После выхода первой части «Лета Господня» Шмелев получил письмо из Русского дома в Сен-Женевьев-де-Буа. Один из обитателей несколько вечеров кряду читал вслух главы из книги. Читал по заботливо собранным газетным вырезкам: книжного издания в доме еще не было. «Свыше полсотни подписей-имен, – рассказывал Шмелев, – графы, князья, бароны, генералы, шталмейстеры и егермейстеры даже… Между старыми российскими именами бывшими… – привет-признание… Слезы мне прислали, и я заплакал. Плакала природа, муть в небе, муть была в душе… Троицын-то день! И вот блеснуло… родной привет».
До Шмелева ни одному русскому писателю не удавалось так убедительно и оригинально изобразить бытовую религиозность в ее органичной связи с повседневностью, в ее историзме и вневременности.
Рецензируя роман, Анри Труайя писал: «… рядом с календарем дней идет календарь совести. Движение солнца в небе сопровождается движением внутреннего солнца души…» – и далее Труайя повторял мысль Редьярда Киплинга: «Иван Шмелев, сам того не сознавая, ушел дальше своей цели.
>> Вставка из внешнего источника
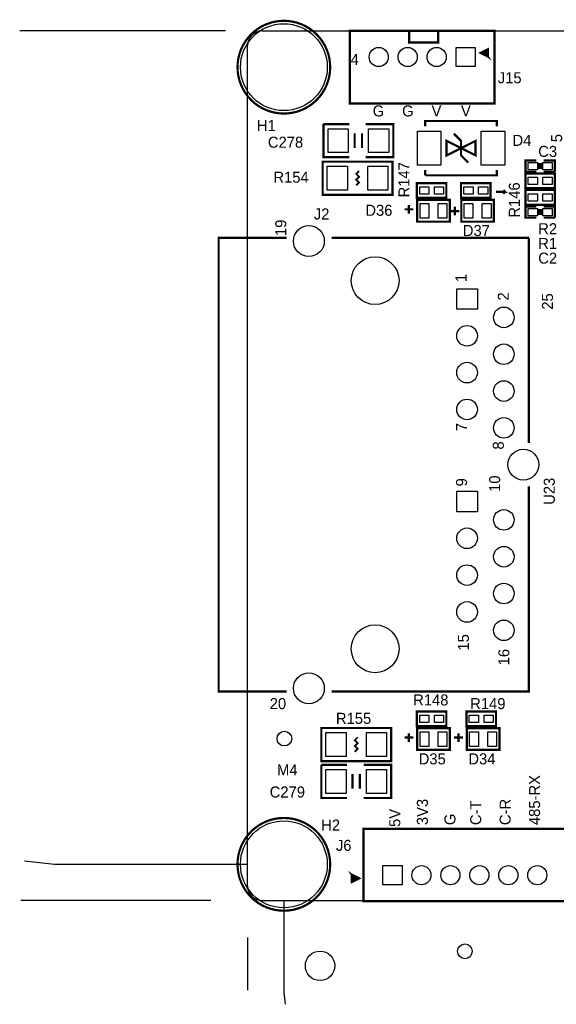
# Model space of a CAD drawing. Extents: x -119 to 465, y -80 to 330.
# Tile 3 of 22: x -16 to 21, y -7 to 61. Entities that reach past the tile are written whole.
import ezdxf

# ---------------------------------------------------------------- set-up
doc = ezdxf.new("R2010")
doc.units = 0
for name, color, linetype in [('BOARD_GEOMETRY_DIMENSION', 2, 'CONTINUOUS'), ('BOARD_GEOMETRY_OUTLINE', 3, 'CONTINUOUS'), ('BOARD_GEOMETRY_SILKSCREEN_TOP', 1, 'CONTINUOUS'), ('PACKAGE_GEOMETRY_SILKSCREEN_TOP', 4, 'CONTINUOUS'), ('PIN_TOP', 5, 'CONTINUOUS'), ('REF_DES_SILKSCREEN_TOP', 6, 'CONTINUOUS')]:
    doc.layers.add(name, color=color, linetype=linetype)

msp = doc.modelspace()

# ---------------------------------------------------------------- linework, layer by layer
at = {"layer": 'BOARD_GEOMETRY_DIMENSION'}
for points in [[(-1.540002, 60.000134), (-15.74165, 60.000134)], [(-0.040132, 2.499868), (-13.335, 2.499868), (-15.41145, 2.711958)], [(-2.54, 0), (-15.66545, 0)], [(2.499868, -0.040132), (2.499868, -6.35), (2.588006, -7.15645)], [(0, -2.54), (0, -6.19125)]]:
    msp.add_lwpolyline(points, dxfattribs=at)
at = {"layer": 'BOARD_GEOMETRY_OUTLINE'}
for points in [[(0.999998, 60.000134, 0.414195), (0, 59.000136)], [(0, 0.999998, 0.4142), (0.999998, 0)]]:
    msp.add_lwpolyline(points, format="xyb", dxfattribs=at)
for points in [[(0.999998, 60.000134), (128.999996, 60.000134)], [(0, 0.999998), (0, 59.000136)], [(0.999998, 0), (128.999996, 0)]]:
    msp.add_lwpolyline(points, dxfattribs=at)
at = {"layer": 'BOARD_GEOMETRY_SILKSCREEN_TOP', "const_width": 0.1524}
for points in [[(17.145, 48.895), (17.78, 48.895), (17.653, 49.022)], [(17.653, 48.768), (17.78, 48.895)]]:
    msp.add_lwpolyline(points, dxfattribs=at)
at = {"layer": 'PACKAGE_GEOMETRY_SILKSCREEN_TOP', "const_width": 0.1524}
for points in [[(5.69976, 57.500012, 1), (-0.700024, 57.500012, 1)], [(5.69976, 2.499868, 1), (-0.700024, 2.499868, 1)]]:
    msp.add_lwpolyline(points, format="xyb", close=True, dxfattribs=at)
for points in [[(17.050004, 60.000388), (7.050024, 60.000388), (7.050024, 55.000144), (17.050004, 55.000144)], [(13.736066, 52.4129), (15.736062, 51.412648), (15.736062, 52.4129), (13.736066, 51.412648)], [(5.1816, 50.983134), (10.0076, 50.983134), (10.0076, 48.697134), (5.1816, 48.697134)], [(19.181064, 50.167794), (21.213064, 50.167794), (21.213064, 49.151794), (19.181064, 49.151794)], [(13.720064, 48.483774), (11.688064, 48.483774), (11.688064, 49.499774), (13.720064, 49.499774)], [(16.768064, 48.483774), (14.736064, 48.483774), (14.736064, 49.499774), (16.768064, 49.499774)], [(21.213064, 48.008794), (19.181064, 48.008794), (19.181064, 49.024794), (21.213064, 49.024794)], [(11.706098, 48.344836), (13.95603, 48.344836), (13.95603, 46.844712), (11.706098, 46.844712)], [(14.754098, 48.344836), (17.00403, 48.344836), (17.00403, 46.844712), (14.754098, 46.844712)], [(13.720064, 12.034774), (11.688064, 12.034774), (11.688064, 13.050774), (13.720064, 13.050774)], [(17.149064, 12.034774), (15.117064, 12.034774), (15.117064, 13.050774), (17.149064, 13.050774)], [(5.084064, 11.907774), (9.910064, 11.907774), (9.910064, 9.621774), (5.084064, 9.621774)], [(11.706098, 11.895836), (13.95603, 11.895836), (13.95603, 10.395712), (11.706098, 10.395712)], [(15.135098, 11.895836), (17.38503, 11.895836), (17.38503, 10.395712), (15.135098, 10.395712)], [(7.999984, -0.050038), (27.999944, -0.050038), (27.999944, 4.950206), (7.999984, 4.950206)]]:
    msp.add_lwpolyline(points, close=True, dxfattribs=at)
at = {"layer": 'PACKAGE_GEOMETRY_SILKSCREEN_TOP'}
for points, const_width in [([(13.150088, 60.000388), (13.150088, 59.200288), (11.150092, 59.200288), (11.150092, 60.000388)], 0.1524), ([(16.581374, 58.233056), (16.581374, 58.732928), (16.081248, 58.482992), (16.581374, 58.233056), (16.481298, 58.633106), (16.281146, 58.432954), (16.581374, 58.233056), (16.381222, 58.53303)], 0.1524), ([(17.21104, 53.412898), (17.21104, 53.787802), (12.261088, 53.787802), (12.261088, 53.412898)], 0.1524), ([(5.2324, 53.573934), (7.0104, 53.573934)], 0.1524), ([(7.0104, 51.287934), (5.2324, 51.287934), (5.2324, 53.573934)], 0.1524), ([(7.3914, 52.938934), (7.3914, 51.922934)], 0.1524), ([(7.8994, 52.938934), (7.8994, 51.922934)], 0.1524), ([(8.1534, 53.573934), (10.0584, 53.573934), (10.0584, 51.287934), (8.1534, 51.287934)], 0.1524), ([(15.23619, 50.912776), (14.736064, 51.412648), (14.736064, 52.4129), (14.235938, 52.912772)], 0.1524), ([(19.943064, 50.294794), (19.181064, 50.294794), (19.181064, 51.056794), (19.943064, 51.056794)], 0.1524), ([(20.120864, 50.472594), (20.120864, 50.878994)], 0.1524), ([(20.273264, 50.472594), (20.273264, 50.878994)], 0.1524), ([(20.451064, 51.056794), (21.213064, 51.056794), (21.213064, 50.294794)], 0.1524), ([(7.494524, 49.340262), (7.694676, 49.54016), (7.494524, 49.740058), (7.694676, 49.94021), (7.494524, 50.140108), (7.694676, 50.34026)], 0.127), ([(12.261088, 50.037746), (17.21104, 50.037746), (17.21104, 50.41265)], 0.1524), ([(12.261088, 50.41265), (12.261088, 50.037746)], 0.1524), ([(21.213064, 50.294794), (20.451064, 50.294794)], 0.1524), ([(10.831068, 47.69485), (11.431016, 47.69485)], 0.1524), ([(11.131042, 47.994824), (11.131042, 47.394876)], 0.1524), ([(14.006068, 47.56785), (14.606016, 47.56785)], 0.1524), ([(14.306042, 47.867824), (14.306042, 47.267876)], 0.1524), ([(19.943064, 47.119794), (19.181064, 47.119794), (19.181064, 47.881794), (19.943064, 47.881794)], 0.1524), ([(20.120864, 47.297594), (20.120864, 47.703994)], 0.1524), ([(20.273264, 47.297594), (20.273264, 47.703994)], 0.1524), ([(20.451064, 47.881794), (21.213064, 47.881794), (21.213064, 47.119794)], 0.1524), ([(21.213064, 47.119794), (20.451064, 47.119794)], 0.1524), ([(2.70002, 14.425168), (-1.999996, 14.425168), (-1.999996, 45.72508), (2.70002, 45.72508)], 0.1524), ([(5.80009, 45.72508), (19.420078, 45.72508)], 0.1524), ([(19.420078, 45.72508), (19.420078, 31.575248)], 0.1524), ([(19.420078, 28.575), (19.420078, 14.425168), (5.80009, 14.425168)], 0.1524), ([(11.131042, 11.545824), (11.131042, 10.945876)], 0.1524), ([(14.560042, 11.545824), (14.560042, 10.945876)], 0.1524), ([(7.396988, 10.264902), (7.59714, 10.4648), (7.396988, 10.664698), (7.59714, 10.86485), (7.396988, 11.064748), (7.59714, 11.2649)], 0.127), ([(10.831068, 11.24585), (11.431016, 11.24585)], 0.1524), ([(14.260068, 11.24585), (14.860016, 11.24585)], 0.1524), ([(5.084064, 9.367774), (6.862064, 9.367774)], 0.1524), ([(6.862064, 7.081774), (5.084064, 7.081774), (5.084064, 9.367774)], 0.1524), ([(8.005064, 9.367774), (9.910064, 9.367774), (9.910064, 7.081774), (8.005064, 7.081774)], 0.1524), ([(7.243064, 8.732774), (7.243064, 7.716774)], 0.1524), ([(7.751064, 8.732774), (7.751064, 7.716774)], 0.1524), ([(7.201154, 1.780032), (7.201154, 1.28016), (7.701026, 1.530096), (7.201154, 1.780032), (7.300976, 1.379982), (7.501128, 1.580134), (7.201154, 1.780032), (7.401052, 1.480058)], 0.1524)]:
    msp.add_lwpolyline(points, dxfattribs=dict(at, const_width=const_width))
at = {"layer": 'PIN_TOP'}
for points in [[(15.710408, 58.86069), (15.710408, 57.53989), (14.389608, 57.53989), (14.389608, 58.86069)], [(5.5499, 51.605434), (5.5499, 53.256434), (6.9469, 53.256434), (6.9469, 51.605434)], [(8.3439, 51.605434), (8.3439, 53.256434), (9.7409, 53.256434), (9.7409, 51.605434)], [(11.72337, 50.744374), (11.72337, 53.081174), (13.34897, 53.081174), (13.34897, 50.744374)], [(16.123158, 50.744374), (16.123158, 53.081174), (17.748758, 53.081174), (17.748758, 50.744374)], [(5.4991, 49.014634), (5.4991, 50.665634), (6.8961, 50.665634), (6.8961, 49.014634)], [(8.2931, 49.014634), (8.2931, 50.665634), (9.6901, 50.665634), (9.6901, 49.014634)], [(20.006564, 50.929794), (20.006564, 50.421794), (19.371564, 50.421794), (19.371564, 50.929794)], [(21.022564, 50.929794), (21.022564, 50.421794), (20.387564, 50.421794), (20.387564, 50.929794)], [(19.371564, 49.405794), (19.371564, 49.913794), (20.006564, 49.913794), (20.006564, 49.405794)], [(20.387564, 49.405794), (20.387564, 49.913794), (21.022564, 49.913794), (21.022564, 49.405794)], [(12.513564, 49.245774), (12.513564, 48.737774), (11.878564, 48.737774), (11.878564, 49.245774)], [(13.529564, 49.245774), (13.529564, 48.737774), (12.894564, 48.737774), (12.894564, 49.245774)], [(15.561564, 49.245774), (15.561564, 48.737774), (14.926564, 48.737774), (14.926564, 49.245774)], [(16.577564, 49.245774), (16.577564, 48.737774), (15.942564, 48.737774), (15.942564, 49.245774)], [(20.006564, 48.770794), (20.006564, 48.262794), (19.371564, 48.262794), (19.371564, 48.770794)], [(21.022564, 48.770794), (21.022564, 48.262794), (20.387564, 48.262794), (20.387564, 48.770794)], [(11.90117, 47.086774), (11.90117, 48.102774), (12.51077, 48.102774), (12.51077, 47.086774)], [(13.151358, 47.086774), (13.151358, 48.102774), (13.760958, 48.102774), (13.760958, 47.086774)], [(14.94917, 47.086774), (14.94917, 48.102774), (15.55877, 48.102774), (15.55877, 47.086774)], [(16.199358, 47.086774), (16.199358, 48.102774), (16.808958, 48.102774), (16.808958, 47.086774)], [(20.006564, 47.754794), (20.006564, 47.246794), (19.371564, 47.246794), (19.371564, 47.754794)], [(21.022564, 47.754794), (21.022564, 47.246794), (20.387564, 47.246794), (20.387564, 47.754794)], [(14.438884, 42.216324), (15.861284, 42.216324), (15.861284, 40.793924), (14.438884, 40.793924)], [(14.438884, 28.246324), (15.861284, 28.246324), (15.861284, 26.823924), (14.438884, 26.823924)], [(12.513564, 12.796774), (12.513564, 12.288774), (11.878564, 12.288774), (11.878564, 12.796774)], [(13.529564, 12.796774), (13.529564, 12.288774), (12.894564, 12.288774), (12.894564, 12.796774)], [(15.942564, 12.796774), (15.942564, 12.288774), (15.307564, 12.288774), (15.307564, 12.796774)], [(16.958564, 12.796774), (16.958564, 12.288774), (16.323564, 12.288774), (16.323564, 12.796774)], [(5.401564, 9.939274), (5.401564, 11.590274), (6.798564, 11.590274), (6.798564, 9.939274)], [(8.195564, 9.939274), (8.195564, 11.590274), (9.592564, 11.590274), (9.592564, 9.939274)], [(11.90117, 10.637774), (11.90117, 11.653774), (12.51077, 11.653774), (12.51077, 10.637774)], [(13.151358, 10.637774), (13.151358, 11.653774), (13.760958, 11.653774), (13.760958, 10.637774)], [(15.33017, 10.637774), (15.33017, 11.653774), (15.93977, 11.653774), (15.93977, 10.637774)], [(16.580358, 10.637774), (16.580358, 11.653774), (17.189958, 11.653774), (17.189958, 10.637774)], [(5.401564, 7.399274), (5.401564, 9.050274), (6.798564, 9.050274), (6.798564, 7.399274)], [(8.195564, 7.399274), (8.195564, 9.050274), (9.592564, 9.050274), (9.592564, 7.399274)], [(9.33958, 1.08966), (9.33958, 2.41046), (10.66038, 2.41046), (10.66038, 1.08966)]]:
    msp.add_lwpolyline(points, close=True, dxfattribs=at)
for centre, radius in [((2.499868, 57.500012), 2.9972), ((9.05002, 58.20029), 0.6604), ((11.050016, 58.20029), 0.6604), ((13.050012, 58.20029), 0.6604), ((4.228084, 45.505116), 1.0668), ((8.800084, 42.775124), 1.651), ((17.690084, 40.235124), 0.7112), ((15.150084, 38.965124), 0.7112), ((17.690084, 37.695124), 0.7112), ((15.150084, 36.425124), 0.7112), ((17.690084, 35.155124), 0.7112), ((15.150084, 33.885124), 0.7112), ((17.690084, 32.615124), 0.7112), ((19.040094, 30.075124), 1.0668), ((17.690084, 26.265124), 0.7112), ((15.150084, 24.995124), 0.7112), ((17.690084, 23.725124), 0.7112), ((15.150084, 22.455124), 0.7112), ((17.690084, 21.185124), 0.7112), ((15.150084, 19.915124), 0.7112), ((8.800084, 17.375124), 1.651), ((17.690084, 18.645124), 0.7112), ((4.228084, 14.645132), 1.0668), ((2.54, 11.176), 0.508), ((2.499868, 2.499868), 2.9972), ((11.999976, 1.75006), 0.6604), ((13.999972, 1.75006), 0.6604), ((15.999968, 1.75006), 0.6604), ((17.999964, 1.75006), 0.6604), ((19.99996, 1.75006), 0.6604), ((14.99997, -3.50012), 0.508), ((4.99999, -4.500118), 1.016)]:
    msp.add_circle(centre, radius, dxfattribs=at)

# ---------------------------------------------------------------- texts
at = {"layer": 'BOARD_GEOMETRY_SILKSCREEN_TOP'}
for s, p in [('G', (8.636, 54.102)), ('G', (10.668, 54.102)), ('V', (12.7, 54.102)), ('V', (14.732, 54.102))]:
    msp.add_text(s, height=0.762, dxfattribs=at).set_placement(p)
for s, p in [('485-RX', (20.193, 5.207)), ('3V3', (12.446, 5.207)), ('C-T', (16.129, 5.207)), ('C-R', (18.161, 5.207)), ('5V', (10.541, 5.08)), ('G', (14.351, 5.207))]:
    msp.add_text(s, height=0.762, rotation=90, dxfattribs=at).set_placement(p)
at = {"layer": 'PACKAGE_GEOMETRY_SILKSCREEN_TOP'}
for s, p in [('4', (7.112, 57.658)), ('20', (1.524, 13.208))]:
    msp.add_text(s, height=0.762, dxfattribs=at).set_placement(p)
for s, p in [('5', (21.717, 52.324)), ('19', (2.667, 45.847)), ('1', (15.113, 42.672)), ('2', (18.034, 41.402)), ('25', (21.082, 40.767)), ('7', (15.150084, 32.386524)), ('8', (17.690084, 31.116524)), ('10', (17.436084, 28.195524)), ('9', (15.150084, 28.576524)), ('15', (15.277084, 17.248124)), ('16', (18.071084, 16.232124))]:
    msp.add_text(s, height=0.762, rotation=90, dxfattribs=at).set_placement(p)
at = {"layer": 'REF_DES_SILKSCREEN_TOP'}
for s, p in [('J15', (17.272, 56.388)), ('H1', (0.635, 53.086)), ('C278', (1.397, 51.943)), ('D4', (18.288, 52.07)), ('C3', (20.066, 51.308)), ('R154', (1.778, 49.53)), ('J2', (4.572, 46.99)), ('D36', (8.128, 47.244)), ('D37', (14.859, 45.847)), ('R2', (20.066, 45.974)), ('R1', (20.066, 44.958)), ('C2', (20.066, 43.942)), ('R148', (11.43, 13.462)), ('R149', (15.367, 13.208)), ('R155', (6.096, 12.192)), ('D35', (11.811, 9.398)), ('D34', (15.24, 9.398)), ('M4', (2.032, 8.636)), ('C279', (1.524, 7.112)), ('H2', (5.08, 4.826)), ('J6', (6.096, 3.429))]:
    msp.add_text(s, height=0.762, dxfattribs=at).set_placement(p)
for s, p in [('R147', (11.176, 48.514)), ('R146', (18.796, 47.117)), ('U23', (21.209, 27.305))]:
    msp.add_text(s, height=0.762, rotation=90, dxfattribs=at).set_placement(p)

doc.saveas('drawing.dxf')

Он хотел быть только национальным писателем, а стал писателем мировым».
Пока писалось (и выходило отдельными частями) «Лето Господне» (1927–1944), Шмелев похоронил жену, с которой был неразлучен 40 лет, пережил оккупацию и окончательно потерял здоровье. Он вынашивал и в муках писал свой последний (оставшийся незавершенным) роман «Пути небесные» – о дороге русского интеллигента к вере, и сам все теснее приникал к Богу. Для него все более очевидны становились признаки непосредственного вмешательства Божественного Промысла в его собственную жизнь. По меньшей мере, дважды он сам становился объектом чуда. В первый раз это было накануне уже назначенной операции в одной из парижских клиник. Шмелев горячо молился своему излюбленному святому Серафиму Саровскому (в Париже у него появилась даже иконка Св. Серафима, подаренная одной из читательниц), и ночью увидел сон, в котором написанный в медицинской карте диагноз исчезал, покрываемый уверенной надписью: «Св. Серафим». Наутро писатель проснулся здоровым; врачи, как ни старались, не могли обнаружить и следа недавней язвы.
Второй случай произошел в 1943 году. 3 сентября, в 9.45 утра, когда Шмелеву давно уже полагалось сидеть за письменным столом, он еще лежал в постели. И в этот момент началась бомбежка.